Every family has its folklore. Apparently, as a five-year-old, I was on the floor playing when I looked up at my grandmother and told her matter-of-factly that she ‘was not the kind of granny I had been expecting’. I’m not quite sure what my foetal presumptions had been, but she is far from the hackneyed image society reserves for older women: no blankets or twee knitting for Norma. Sharp, glamorous, her face alive with mischief, she is a lady who lunches, a nonagenarian who shared stories, gossip and advice amid a riot of laughter.
She would be familiar with much of the gentle drama in this collection of Lore Segal’s stories, which revolves around five women in their nineties dining on a monthly basis together. But, unlike my granny’s lunches, Segal’s meals contain more namedrops than food, and often leave you wanting more.

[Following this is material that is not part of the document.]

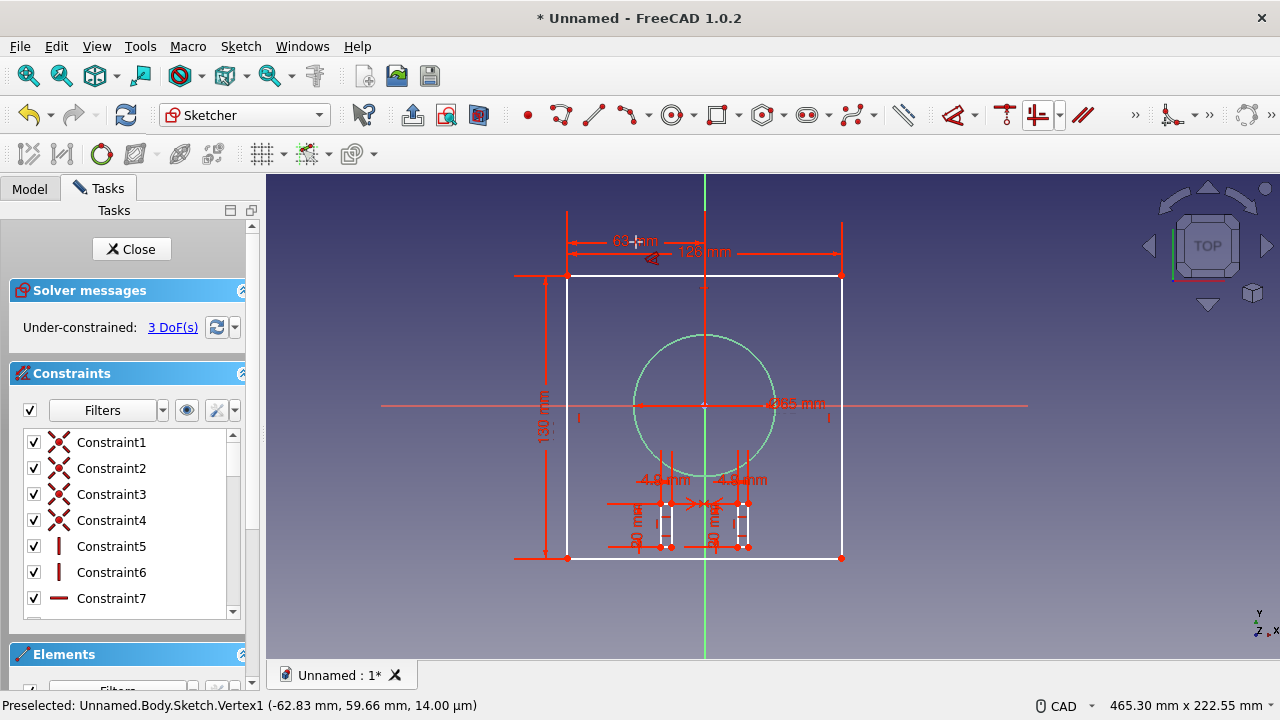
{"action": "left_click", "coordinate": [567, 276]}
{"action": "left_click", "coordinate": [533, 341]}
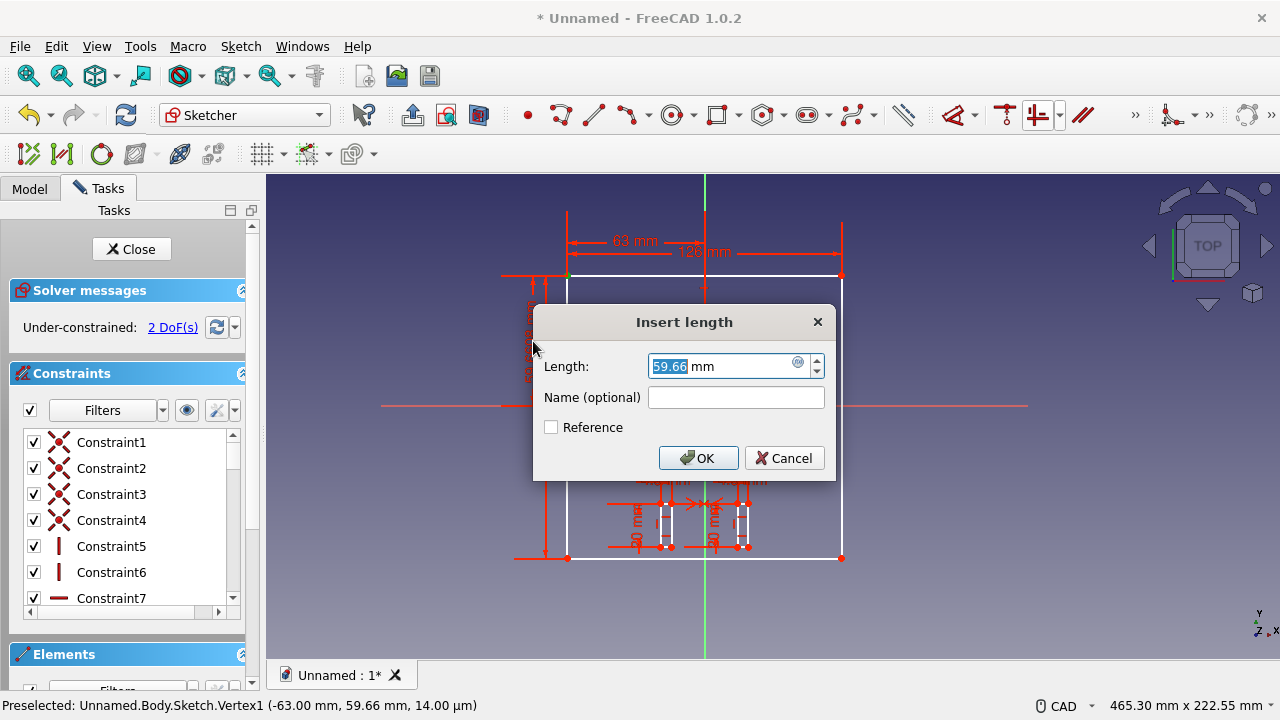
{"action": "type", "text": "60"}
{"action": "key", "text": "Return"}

Born in 1928 to a Viennese Jewish family, the author was evacuated to England on the first Kindertransport mission, aged ten, and bounced from home to home – an experience which informed her autobiographical first novel, Other People’s Houses. She was reunited with her mother, and ended up in New York, but her father died before the end of the war, interned on the Isle of Man as a German-speaking alien. Perhaps unsurprisingly, then, displacement and loss echo through Segal’s work.

Readers will recognise the structure of Ladies’ Lunch and Other Stories from Segal’s Pulitzer-finalist novel of inter-woven tales, Shakespeare’s Kitchen (2007). Here, five stories which appeared in the New Yorker between 2007-22 are presented, together with a host from other publications and six previously unpublished pieces. It makes for an uneven read.
‘Dandelion’ is a beautiful vignette, which opens like a flower as the narrator recalls a childhood hike with her father in the days before the second world war, and how she moved from bliss to embarrassment and, looking back, regret.